‘Beat-the-Expert’: An F1TENTH IL-RL Framework to Outperform Expert Racing Policies

Scaled autonomous racing poses as an effective environment for developing perception, planning, and control algorithms with quantifiable performance metrics. Learning-based control policies typically leverage end-to-end reinforcement learning (RL) methods that are sample inefficient and prone to converging at local optima. We present an autonomous racing framework on the F1TENTH platform that bootstraps Proximal Policy Optimization (PPO) with a pre-trained HG-DAGGER imitation learning (IL) policy to improve sample efficiency and exceed the performance of expert demonstrations of varying difficulty. The policy we generate from our IL-RL framework surpasses the performance of the easiest expert demonstration, but fails to outperform the medium and hardest difficulty experts. Our findings confirm an imitation learning bootstrap improves RL sample efficiency, but also indicates that end-to-end RL may be most effective in producing an agile control policy in the context of autonomous racing.
Introduction
The fast-paced and dynamic nature of racing provides an excellent platform to test different RL approaches. We identified this domain not only as an exciting application area but also as a practical environment with quantifiable metrics for testing the limits of RL algorithms. The challenge of pushing a robotic system to perform at high speeds while maintaining safety and precision peaked our curiosity and led to the development of this project. Both RL and IL have emerged in literature as feasible and competitive methods to solving the autonomous racing challenge. [1] End-to-end reinforcement learning agents have even shown impressive capabilities in new settings which allows for generalizable neural networks to have an adaptive racing policy [2]. We pose the question - can RL improve upon an IL policy to produce more robust and agile control policies that outperform the existing expert?
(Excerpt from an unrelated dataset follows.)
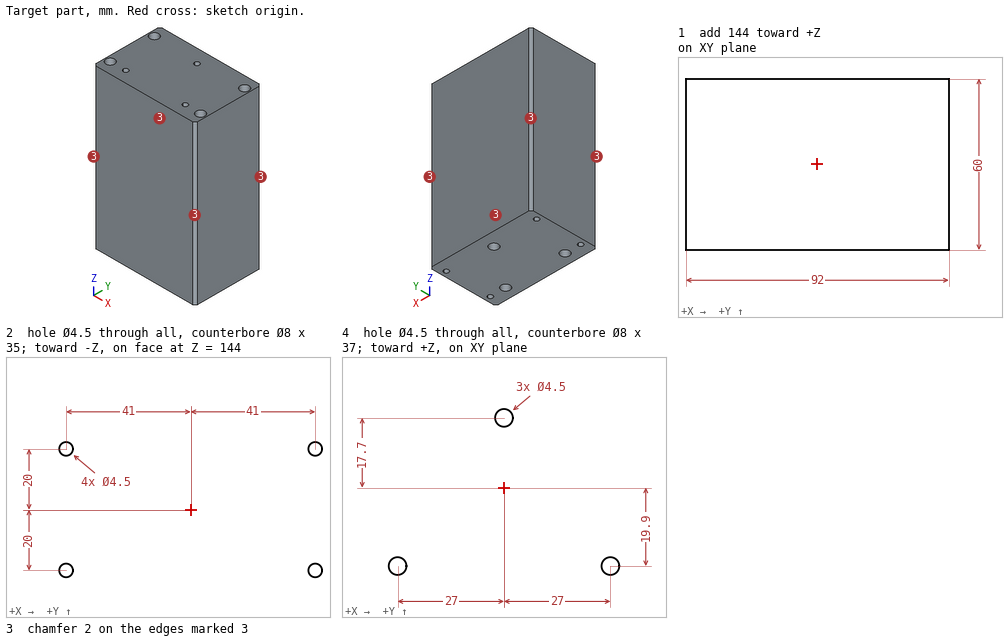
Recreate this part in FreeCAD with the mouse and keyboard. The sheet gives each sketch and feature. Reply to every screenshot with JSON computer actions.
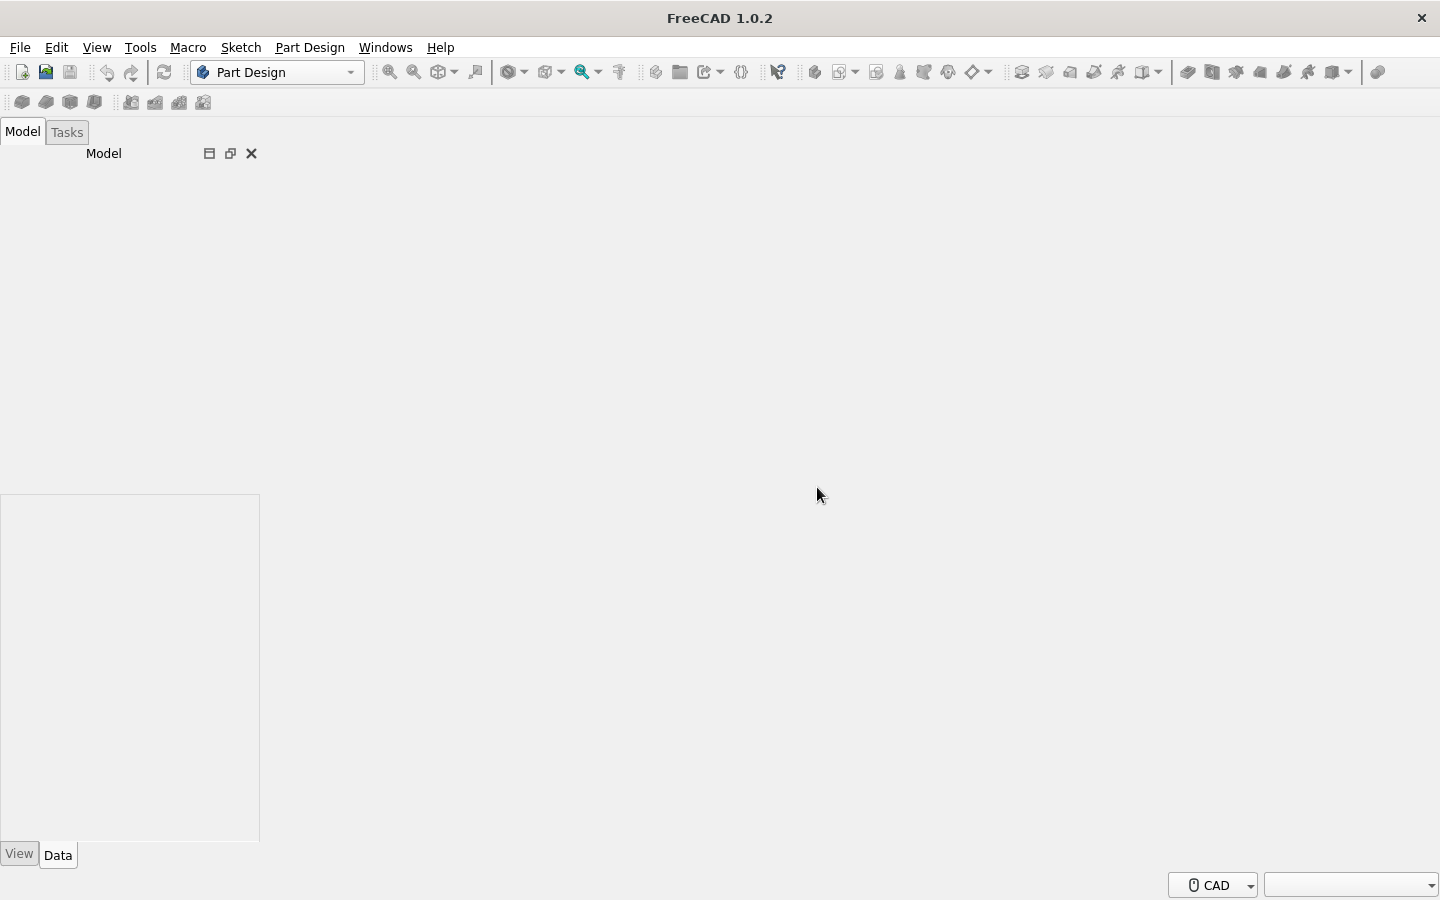
{"action": "left_click", "coordinate": [22, 72]}
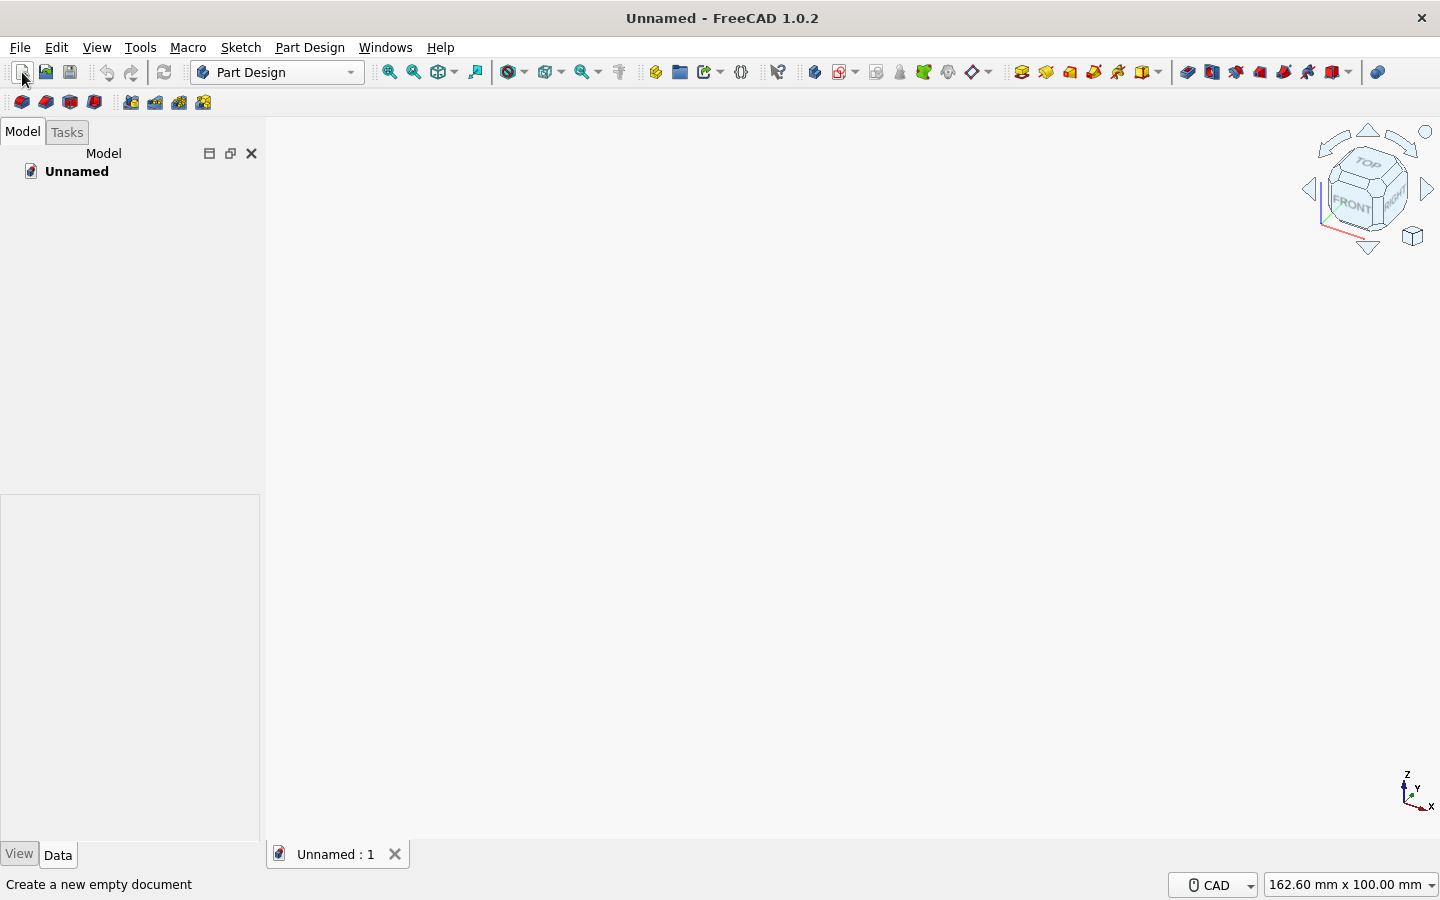
{"action": "left_click", "coordinate": [840, 72]}

To investigate this, we chose the F1TENTH platform as our experimental testbed. Its scaled-down format supported by a lightweight simulator offer a preferable setting to evaluate and train different learning strategies. Ultimately, our goal is to better understand the trade-offs between imitation learning and reinforcement learning in the context of autonomous racing. In doing so, we wished to contribute insights into how these techniques can be combined to push the boundaries of autonomous driving performance.
End-to-end reinforcement learning approaches for autonomous racing have emerged as a successful strategy to surpass expert-level performance, \citep{Kaufmann} even outperforming human experts in certain domains like drone racing. There are far fewer studies that explore imitation learning for autonomous racing. This is for good reason. Reinforcement learning by nature improves its policy through 'reward hacking' and maximizes cumulative rewards, allowing for impressive performance in racing environments. \citep{Koirala} Imitation learning, however, typically reaches a performance ceiling determined by the capabilities of the expert policy. We assert that the performance of the policy can be improved upon by finetuning the weights of the IL neural network using on-policy reinforcement learning, such as Proximal Policy Optimization.
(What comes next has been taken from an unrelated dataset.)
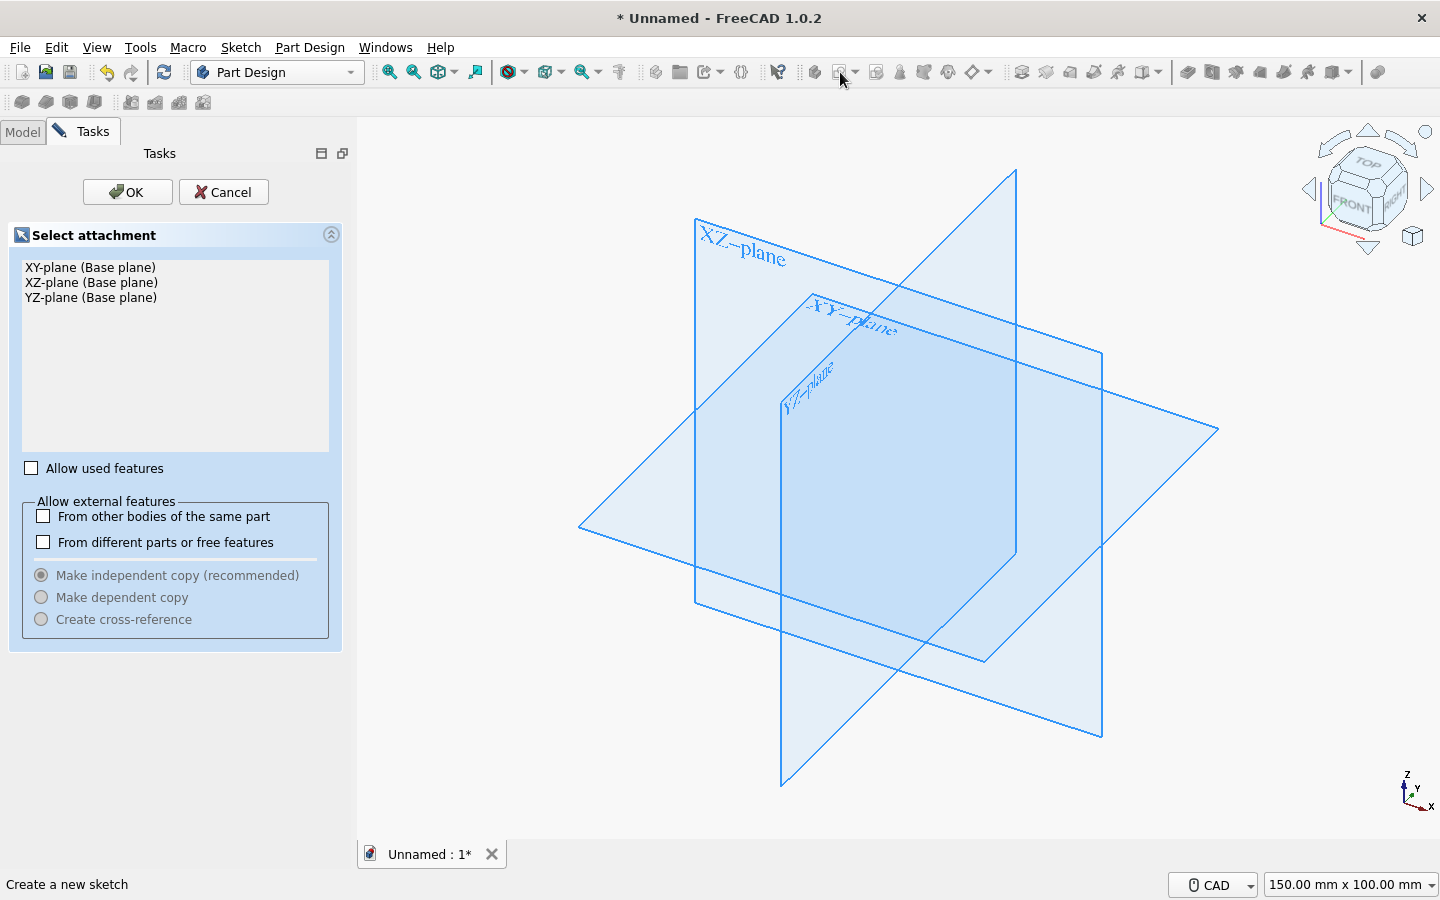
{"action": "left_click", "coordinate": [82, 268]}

The most naive implementation of imitation learning is Behavior Cloning (BC). Behavior cloning uses supervised machine learning to map observations of the state space to actions, thus training the agent to learn an expert demonstrator's policy. BC, however, produces policies that are prone to experiencing a distribution shift, as the actions of the agent eventually shift its observations to be dissimilar from the expert data it was trained on.
Dataset aggregation (DAGGER) mitigates the effects of distribution shift by stochastically alternat- ing control between the agent’s policy and the expert policy to collect corrective labels. [5] While DAGGER reduces the compounding error issues of BC, it lacks strong convergence guarantees in general settings [6]. Human-Gated DAGGER (HG-DAGGER) refines this by letting a human expert serve as a gating function [7]. The agent executes actions until the human deems the state subopti- mal and intervenes, at which point only the expert’s actions are recorded. In practice, we can define a performance threshold to automate the human intervention. Existing work from Sun et al. [7] demonstrates that HG-DAGGER is a viable and tested imitation learning algorithm for F1TENTH autonomous racing
Bootstrapping a PPO policy using HG-DAGGER presents a tractable method for autonomous vehicle control and an opportunity to outperform expert demonstrators. Because end-to-end RL approaches suffer from sample inefficiency when faced with high-dimensional action spaces that optimize both steering and speed, strategically decomposing the action space by mapping LiDAR observations to steering angle during the IL bootstrap, and exploiting higher speed during RL, the final policy may converge to outperform the expert demonstrations and/or exhibit superior performance than an end-to-end solution.
Contributions
- We develop an IL-RL pipeline to surpass the performance of an expert demonstration.
- We provide a comparison of end-to-end RL policies and bootstrapped RL policies for racing.


Figure 1: (Left) The F1TENTH racetrack used for training and evaluation of the learned policies against expert demonstrations. (Right) The optimal raceline computed for minimum curvature and followed by the expert policy using a pure pursuit controller.
Methodology
The agent’s policy network is pre-trained using HG-DAGGER and finetuned with Proximal Policy Optimization (PPO) on a sample racetrack depicted in Figure 1. We repeat this process for each difficulty of expert demonstrations (easy, medium, hard) to produce three policies that are evaluated against the respective expert on the same racetrack that the policy is trained on.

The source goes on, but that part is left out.